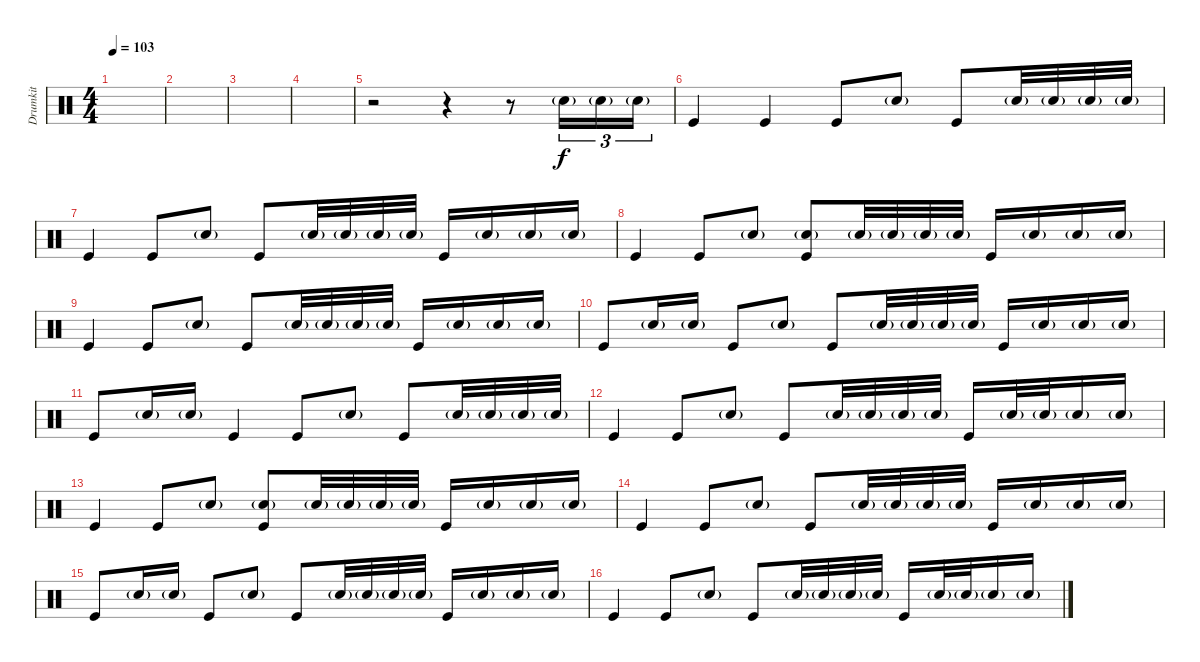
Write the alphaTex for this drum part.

\track ("Drumkit" "Drumkit") {instrument percussion}
\staff {score}
\articulation defaults
\ts (4 4)
\tempo 103
\clef neutral
\ks c
|
|
|
|
r.2 r.4 r.8 "Snare (hit) 2"{g}.16{tu (3 2)} "Snare (hit) 2"{g}.16{tu (3 2)} "Snare (hit) 2"{g}.16{tu (3 2)} |
"Kick (hit)".4 "Kick (hit)".4 "Kick (hit)".8 "Snare (hit) 2"{g}.8 "Kick (hit)".8 "Snare (hit) 2"{g}.32 "Snare (hit) 2"{g}.32 "Snare (hit) 2"{g}.32 "Snare (hit) 2"{g}.32 |
"Kick (hit)".4 "Kick (hit)".8 "Snare (hit) 2"{g}.8 "Kick (hit)".8 "Snare (hit) 2"{g}.32 "Snare (hit) 2"{g}.32 "Snare (hit) 2"{g}.32 "Snare (hit) 2"{g}.32 "Kick (hit)".16 "Snare (hit) 2"{g}.16 "Snare (hit) 2"{g}.16 "Snare (hit) 2"{g}.16 |
"Kick (hit)".4 "Kick (hit)".8 "Snare (hit) 2"{g}.8 ("Kick (hit)" "Snare (hit) 2"{g}).8 "Snare (hit) 2"{g}.32 "Snare (hit) 2"{g}.32 "Snare (hit) 2"{g}.32 "Snare (hit) 2"{g}.32 "Kick (hit)".16 "Snare (hit) 2"{g}.16 "Snare (hit) 2"{g}.16 "Snare (hit) 2"{g}.16 |
"Kick (hit)".4 "Kick (hit)".8 "Snare (hit) 2"{g}.8 "Kick (hit)".8 "Snare (hit) 2"{g}.32 "Snare (hit) 2"{g}.32 "Snare (hit) 2"{g}.32 "Snare (hit) 2"{g}.32 "Kick (hit)".16 "Snare (hit) 2"{g}.16 "Snare (hit) 2"{g}.16 "Snare (hit) 2"{g}.16 |
"Kick (hit)".8 "Snare (hit) 2"{g}.16 "Snare (hit) 2"{g}.16 "Kick (hit)".8 "Snare (hit) 2"{g}.8 "Kick (hit)".8 "Snare (hit) 2"{g}.32 "Snare (hit) 2"{g}.32 "Snare (hit) 2"{g}.32 "Snare (hit) 2"{g}.32 "Kick (hit)".16 "Snare (hit) 2"{g}.16 "Snare (hit) 2"{g}.16 "Snare (hit) 2"{g}.16 |
"Kick (hit)".8 "Snare (hit) 2"{g}.16 "Snare (hit) 2"{g}.16 "Kick (hit)".4 "Kick (hit)".8 "Snare (hit) 2"{g}.8 "Kick (hit)".8 "Snare (hit) 2"{g}.32 "Snare (hit) 2"{g}.32 "Snare (hit) 2"{g}.32 "Snare (hit) 2"{g}.32 |
"Kick (hit)".4 "Kick (hit)".8 "Snare (hit) 2"{g}.8 "Kick (hit)".8 "Snare (hit) 2"{g}.32 "Snare (hit) 2"{g}.32 "Snare (hit) 2"{g}.32 "Snare (hit) 2"{g}.32 "Kick (hit)".16 "Snare (hit) 2"{g}.32 "Snare (hit) 2"{g}.32 "Snare (hit) 2"{g}.16 "Snare (hit) 2"{g}.16 |
"Kick (hit)".4 "Kick (hit)".8 "Snare (hit) 2"{g}.8 ("Kick (hit)" "Snare (hit) 2"{g}).8 "Snare (hit) 2"{g}.32 "Snare (hit) 2"{g}.32 "Snare (hit) 2"{g}.32 "Snare (hit) 2"{g}.32 "Kick (hit)".16 "Snare (hit) 2"{g}.16 "Snare (hit) 2"{g}.16 "Snare (hit) 2"{g}.16 |
"Kick (hit)".4 "Kick (hit)".8 "Snare (hit) 2"{g}.8 "Kick (hit)".8 "Snare (hit) 2"{g}.32 "Snare (hit) 2"{g}.32 "Snare (hit) 2"{g}.32 "Snare (hit) 2"{g}.32 "Kick (hit)".16 "Snare (hit) 2"{g}.16 "Snare (hit) 2"{g}.16 "Snare (hit) 2"{g}.16 |
"Kick (hit)".8 "Snare (hit) 2"{g}.16 "Snare (hit) 2"{g}.16 "Kick (hit)".8 "Snare (hit) 2"{g}.8 "Kick (hit)".8 "Snare (hit) 2"{g}.32 "Snare (hit) 2"{g}.32 "Snare (hit) 2"{g}.32 "Snare (hit) 2"{g}.32 "Kick (hit)".16 "Snare (hit) 2"{g}.16 "Snare (hit) 2"{g}.16 "Snare (hit) 2"{g}.16 |
"Kick (hit)".4 "Kick (hit)".8 "Snare (hit) 2"{g}.8 "Kick (hit)".8 "Snare (hit) 2"{g}.32 "Snare (hit) 2"{g}.32 "Snare (hit) 2"{g}.32 "Snare (hit) 2"{g}.32 "Kick (hit)".16 "Snare (hit) 2"{g}.32 "Snare (hit) 2"{g}.32 "Snare (hit) 2"{g}.16 "Snare (hit) 2"{g}.16
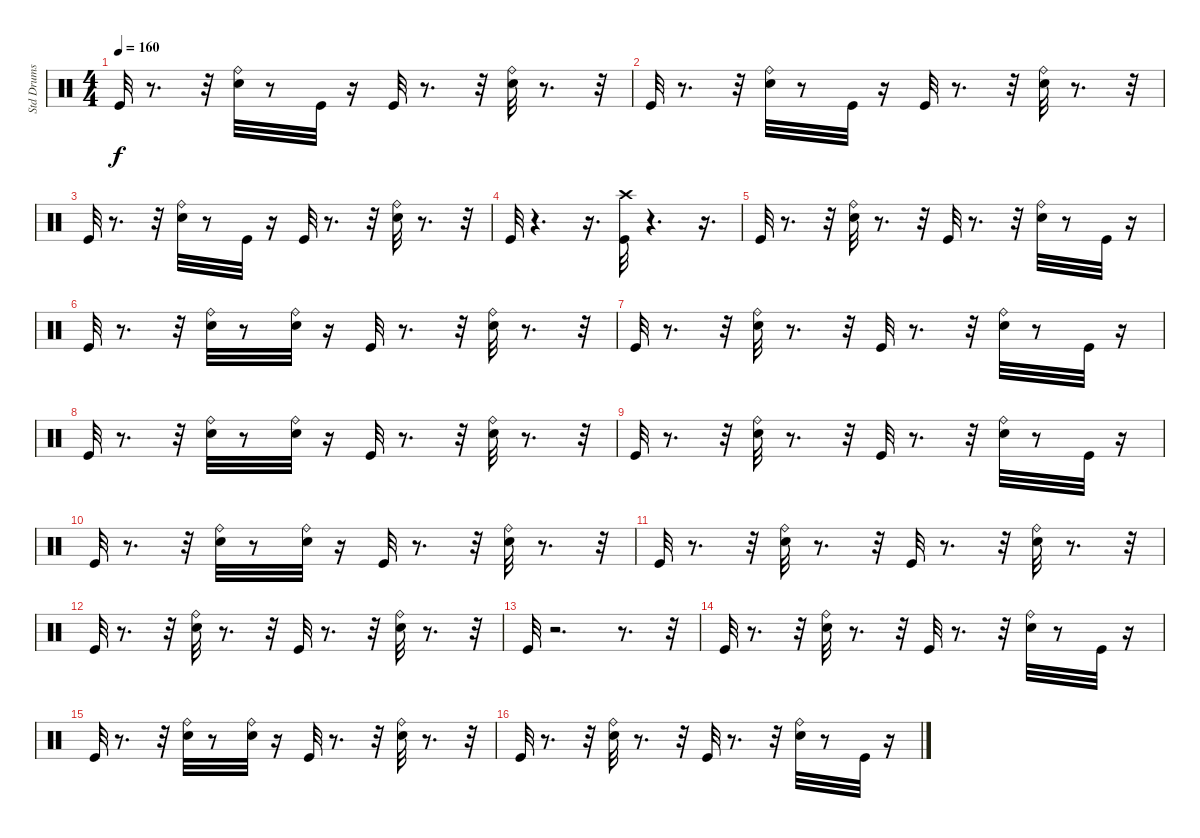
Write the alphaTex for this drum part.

\track ("Std Drums" "Std Drums") {instrument percussion}
\staff {score}
\articulation defaults
\ts (4 4)
\tempo 160
\clef neutral
\ks c "Kick (hit)".32{dy f}
r.8{d} r.32 ("Snare (hit) 2" "Ride (bell)").32 r.8 "Kick (hit)".32 r.16 "Kick (hit)".32 r.8{d} r.32 ("Ride (bell)" "Snare (hit) 2").32 r.8{d} r.32 |
"Kick (hit)".32 r.8{d} r.32 ("Snare (hit) 2" "Ride (bell)").32 r.8 "Kick (hit)".32 r.16 "Kick (hit)".32 r.8{d} r.32 ("Snare (hit) 2" "Ride (bell)").32 r.8{d} r.32 |
"Kick (hit)".32 r.8{d} r.32 ("Ride (bell)" "Snare (hit) 2").32 r.8 "Kick (hit)".32 r.16 "Kick (hit)".32 r.8{d} r.32 ("Ride (bell)" "Snare (hit) 2").32 r.8{d} r.32 |
"Kick (hit)".32 r.4{d} r.16{d} ("Kick (hit)" "Crash high (hit)").32 r.4{d} r.16{d} |
"Kick (hit)".32 r.8{d} r.32 ("Ride (bell)" "Snare (hit) 2").32 r.8{d} r.32 "Kick (hit)".32 r.8{d} r.32 ("Snare (hit) 2" "Ride (bell)").32 r.8 "Kick (hit)".32 r.16 |
"Kick (hit)".32 r.8{d} r.32 ("Snare (hit) 2" "Ride (bell)").32 r.8 ("Ride (bell)" "Snare (hit) 2").32 r.16 "Kick (hit)".32 r.8{d} r.32 ("Snare (hit) 2" "Ride (bell)").32 r.8{d} r.32 |
"Kick (hit)".32 r.8{d} r.32 ("Ride (bell)" "Snare (hit) 2").32 r.8{d} r.32 "Kick (hit)".32 r.8{d} r.32 ("Snare (hit) 2" "Ride (bell)").32 r.8 "Kick (hit)".32 r.16 |
"Kick (hit)".32 r.8{d} r.32 ("Snare (hit) 2" "Ride (bell)").32 r.8 ("Snare (hit) 2" "Ride (bell)").32 r.16 "Kick (hit)".32 r.8{d} r.32 ("Ride (bell)" "Snare (hit) 2").32 r.8{d} r.32 |
"Kick (hit)".32 r.8{d} r.32 ("Snare (hit) 2" "Ride (bell)").32 r.8{d} r.32 "Kick (hit)".32 r.8{d} r.32 ("Snare (hit) 2" "Ride (bell)").32 r.8 "Kick (hit)".32 r.16 |
"Kick (hit)".32 r.8{d} r.32 ("Snare (hit) 2" "Ride (bell)").32 r.8 ("Ride (bell)" "Snare (hit) 2").32 r.16 "Kick (hit)".32 r.8{d} r.32 ("Snare (hit) 2" "Ride (bell)").32 r.8{d} r.32 |
"Kick (hit)".32 r.8{d} r.32 ("Snare (hit) 2" "Ride (bell)").32 r.8{d} r.32 "Kick (hit)".32 r.8{d} r.32 ("Ride (bell)" "Snare (hit) 2").32 r.8{d} r.32 |
"Kick (hit)".32 r.8{d} r.32 ("Snare (hit) 2" "Ride (bell)").32 r.8{d} r.32 "Kick (hit)".32 r.8{d} r.32 ("Snare (hit) 2" "Ride (bell)").32 r.8{d} r.32 |
"Kick (hit)".32 r.2{d} r.8{d} r.32 |
"Kick (hit)".32 r.8{d} r.32 ("Snare (hit) 2" "Ride (bell)").32 r.8{d} r.32 "Kick (hit)".32 r.8{d} r.32 ("Ride (bell)" "Snare (hit) 2").32 r.8 "Kick (hit)".32 r.16 |
"Kick (hit)".32 r.8{d} r.32 ("Snare (hit) 2" "Ride (bell)").32 r.8 ("Snare (hit) 2" "Ride (bell)").32 r.16 "Kick (hit)".32 r.8{d} r.32 ("Ride (bell)" "Snare (hit) 2").32 r.8{d} r.32 |
"Kick (hit)".32 r.8{d} r.32 ("Snare (hit) 2" "Ride (bell)").32 r.8{d} r.32 "Kick (hit)".32 r.8{d} r.32 ("Ride (bell)" "Snare (hit) 2").32 r.8 "Kick (hit)".32 r.16
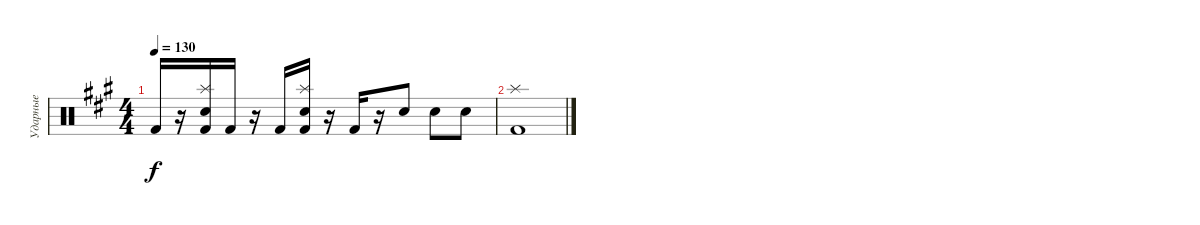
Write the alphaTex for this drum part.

\track ("Ударные" "Ударные") {instrument percussion}
\staff {score}
\articulation defaults
\ts (4 4)
\tempo 130
\clef neutral
\ks f#minor "Kick (hit) 2".16{dy f}
r.16 ("Splash (hit)" "Snare (hit) 2" "Kick (hit) 2").16 "Kick (hit) 2".16 r.16 "Kick (hit) 2".16 ("Splash (hit)" "Snare (hit) 2" "Kick (hit) 2").16 r.16 "Kick (hit) 2".16 r.16 "Snare (hit) 2".8 "Snare (hit) 2".8 "Snare (hit) 2".8 |
("Splash (hit)" "Kick (hit) 2").1
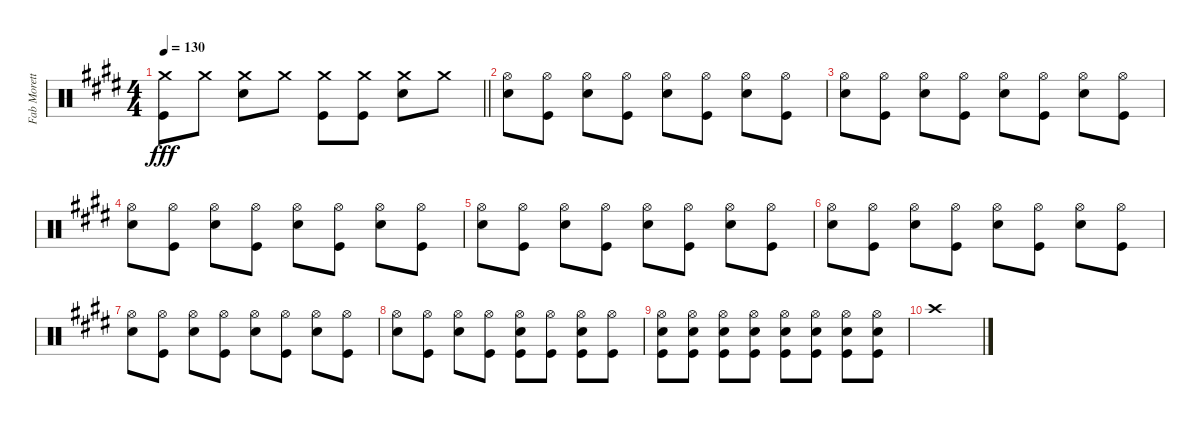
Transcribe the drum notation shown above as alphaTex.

\track ("Fab Moretti" "Fab Morett") {instrument percussion}
\staff {score}
\articulation defaults
\ts (4 4)
\tempo 130
\clef neutral
\barLineRight lightlight
\ks e
("Crash medium (hit)" "Kick (hit)").8{dy fff} "Crash medium (hit)".8 ("Crash medium (hit)" "Snare (hit) 2").8 "Crash medium (hit)".8 ("Crash medium (hit)" "Kick (hit)").8 ("Crash medium (hit)" "Kick (hit)").8 ("Crash medium (hit)" "Snare (hit) 2").8 "Crash medium (hit)".8 |
("Hi-Hat (open)" "Snare (hit) 2").8 ("Hi-Hat (open)" "Kick (hit)").8 ("Hi-Hat (open)" "Snare (hit) 2").8 ("Hi-Hat (open)" "Kick (hit)").8 ("Hi-Hat (open)" "Snare (hit) 2").8 ("Hi-Hat (open)" "Kick (hit)").8 ("Hi-Hat (open)" "Snare (hit) 2").8 ("Hi-Hat (open)" "Kick (hit)").8 |
("Hi-Hat (open)" "Snare (hit) 2").8 ("Hi-Hat (open)" "Kick (hit)").8 ("Hi-Hat (open)" "Snare (hit) 2").8 ("Hi-Hat (open)" "Kick (hit)").8 ("Hi-Hat (open)" "Snare (hit) 2").8 ("Hi-Hat (open)" "Kick (hit)").8 ("Hi-Hat (open)" "Snare (hit) 2").8 ("Hi-Hat (open)" "Kick (hit)").8 |
("Hi-Hat (open)" "Snare (hit) 2").8 ("Hi-Hat (open)" "Kick (hit)").8 ("Hi-Hat (open)" "Snare (hit) 2").8 ("Hi-Hat (open)" "Kick (hit)").8 ("Hi-Hat (open)" "Snare (hit) 2").8 ("Hi-Hat (open)" "Kick (hit)").8 ("Hi-Hat (open)" "Snare (hit) 2").8 ("Hi-Hat (open)" "Kick (hit)").8 |
("Hi-Hat (open)" "Snare (hit) 2").8 ("Hi-Hat (open)" "Kick (hit)").8 ("Hi-Hat (open)" "Snare (hit) 2").8 ("Hi-Hat (open)" "Kick (hit)").8 ("Hi-Hat (open)" "Snare (hit) 2").8 ("Hi-Hat (open)" "Kick (hit)").8 ("Hi-Hat (open)" "Snare (hit) 2").8 ("Hi-Hat (open)" "Kick (hit)").8 |
("Hi-Hat (open)" "Snare (hit) 2").8 ("Hi-Hat (open)" "Kick (hit)").8 ("Hi-Hat (open)" "Snare (hit) 2").8 ("Hi-Hat (open)" "Kick (hit)").8 ("Hi-Hat (open)" "Snare (hit) 2").8 ("Hi-Hat (open)" "Kick (hit)").8 ("Hi-Hat (open)" "Snare (hit) 2").8 ("Hi-Hat (open)" "Kick (hit)").8 |
("Hi-Hat (open)" "Snare (hit) 2").8 ("Hi-Hat (open)" "Kick (hit)").8 ("Hi-Hat (open)" "Snare (hit) 2").8 ("Hi-Hat (open)" "Kick (hit)").8 ("Hi-Hat (open)" "Snare (hit) 2").8 ("Hi-Hat (open)" "Kick (hit)").8 ("Hi-Hat (open)" "Snare (hit) 2").8 ("Hi-Hat (open)" "Kick (hit)").8 |
("Hi-Hat (open)" "Snare (hit) 2").8 ("Hi-Hat (open)" "Kick (hit)").8 ("Hi-Hat (open)" "Snare (hit) 2").8 ("Hi-Hat (open)" "Kick (hit)").8 ("Hi-Hat (open)" "Snare (hit) 2" "Kick (hit)").8 ("Hi-Hat (open)" "Kick (hit)").8 ("Hi-Hat (open)" "Snare (hit) 2" "Kick (hit)").8 ("Hi-Hat (open)" "Kick (hit)").8 |
("Hi-Hat (open)" "Snare (hit) 2" "Kick (hit)").8 ("Hi-Hat (open)" "Snare (hit) 2" "Kick (hit)").8 ("Hi-Hat (open)" "Snare (hit) 2" "Kick (hit)").8 ("Hi-Hat (open)" "Snare (hit) 2" "Kick (hit)").8 ("Hi-Hat (open)" "Snare (hit) 2" "Kick (hit)").8 ("Hi-Hat (open)" "Snare (hit) 2" "Kick (hit)").8 ("Hi-Hat (open)" "Snare (hit) 2" "Kick (hit)").8 ("Hi-Hat (open)" "Snare (hit) 2" "Kick (hit)").8 |
"Crash high (hit)".1
------------------------
Gather up, from the records above, each line where the word "track" appears.

\track ("Drumkit" "Drumkit") {instrument percussion}
\track ("Std Drums" "Std Drums") {instrument percussion}
\track ("Ударные" "Ударные") {instrument percussion}
\track ("Fab Moretti" "Fab Morett") {instrument percussion}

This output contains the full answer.